A solar geoengineering project at Harvard is based on a simple idea: release aerosols into the stratosphere.
Could we cool down the planet by mimicking a volcano?
Our impacts on the planet, including its climate, have been colossal so if we don’t want to see the end of life on Earth as we know it, we’ll need to do something. Doing something means either reducing those impacts considerably or else trying to remedy their effects, such as through large-scale geoengineering projects.
That also applies to the climate. Unless we do something and fast, the effects of climate change are set to spiral out of control, wreaking havoc with the planet’s environment from pole to pole and everywhere in between.
To stop that happening, a team of scientists at Harvard University in the United States has an idea: they suggest deploying a fleet of specially designed new aircraft to spray sulfate particles into the lower stratosphere with the aim of helping cool down our feverish planet.
It may sound like a scheme by a mad scientist in a James Bond movie, or a futile effort at best, yet the scientists believe it could work. Called the Stratospheric Controlled Perturbation Experiment (SCoPEx), the solar geoengineering project is based on a simple idea: if we can increase Earth’s ability to reflect solar radiation back into space, we can keep us cooler at ground level.
To do that, though, we would need to vast amounts of aerosols into the stratosphere at nearly 20km above the surface. That would be quite an undertaking.
The scientists envision a fleet of up to 100 specially designed jets, which would need to complete more than 60,000 missions over 15 years in order to pull it off. The project could cost around $3.5 billion to get it off the ground with an extra $2.25 billion spent on it in each subsequent year. Billionaire investor Bill Gates has thrown his support behind the idea, as have the Hewlett Foundation, the Alfred P. Sloan Foundation, and several other institutions and individuals so funding might be on the way.

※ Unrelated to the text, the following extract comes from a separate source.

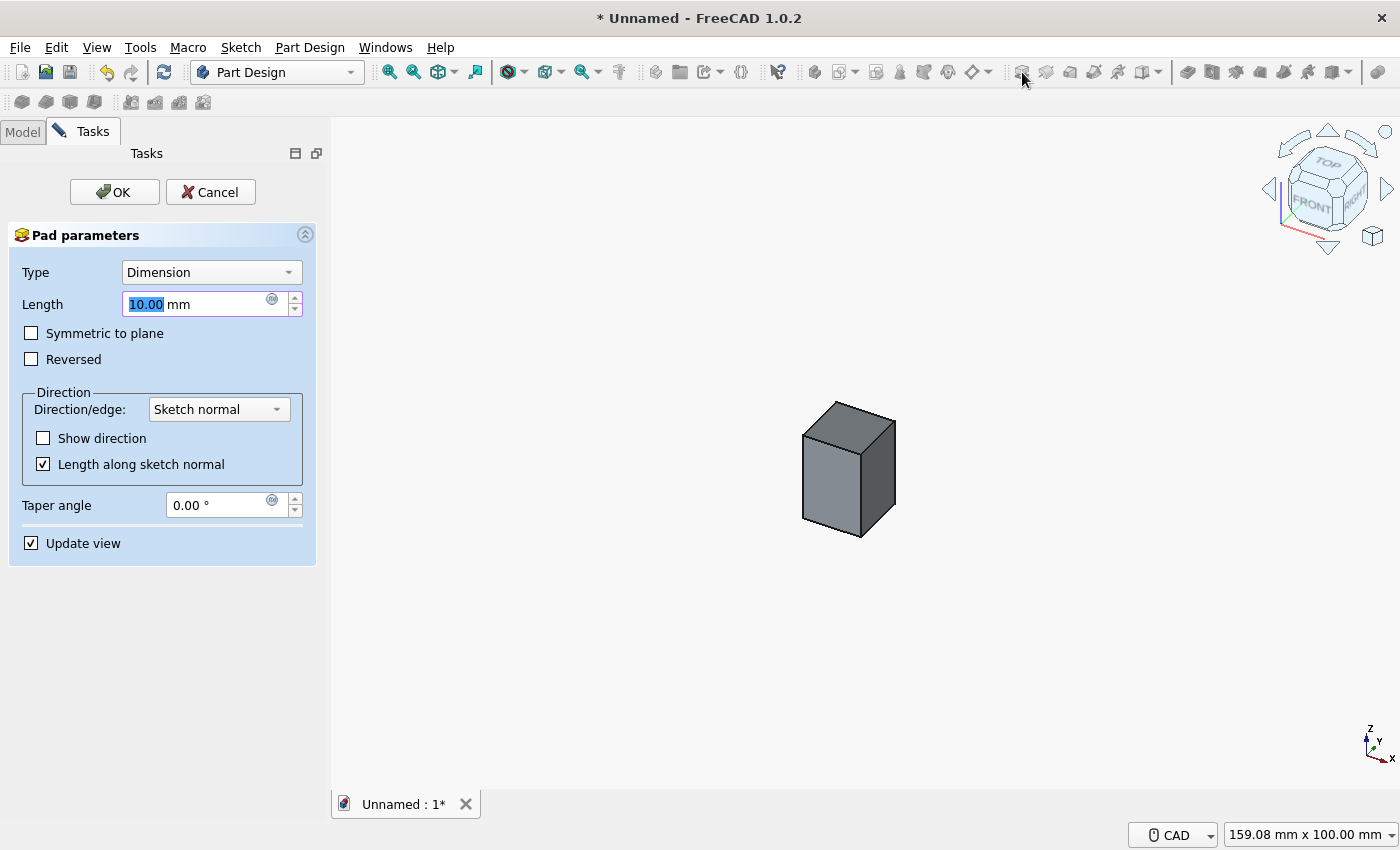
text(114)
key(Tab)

“SCoPEx builds on four decades of research on the environmental chemistry of the ozone layer,” the scientists explain. “SCoPEx will use or adapt many of the high-performance sensors and flight-system engineering experience developed for this ozone research. Analyzing these experiments will improve our knowledge beyond what is currently available within computer models or is measurable with confidence under laboratory conditions.”
That said, releasing large amounts of aerosols into the atmosphere to cool the planet is a tall order for us. Yet nature has done just that repeatedly. It did so in 1815, for instance, when the Mount Tambora volcano erupted in what is now Indonesia in the spring of that year. The volcano spewed vast amounts of volcanic ash and droplets of sulfuric acid into the atmosphere.
The ash and droplets came to act as a screen that shielded the surface from many of the sun’s rays. Global temperatures dropped as a result and 1816 came to be known the “Year Without a Summer.”
Questions remain, though, about the feasibility of pulling off such an ambitious undertaking successfully. We should also be concerned about the possible unintended consequences. Numerous species of plants and animals could be adversely affected by a serious reduction in sunrays over many years, which could speed up already alarming extinction rates.
Reducing our greenhouse gas emissions significantly is still our best bet. Yet failing that we’ll have to try other last-ditch efforts. “[A]s the effects of climate change worsen, solar geoengineering may be looked to as a tool to mitigate these effects,” argues Louise Bedsworth, who chairs Harvard’s Advisory Committee for the SCoPEx Project.
“I believe responsible, accessible, and transparent research is needed to understand the technical, political, and societal implications of solar geoengineering and to support informed decisions around deployment if such decisions become necessary.”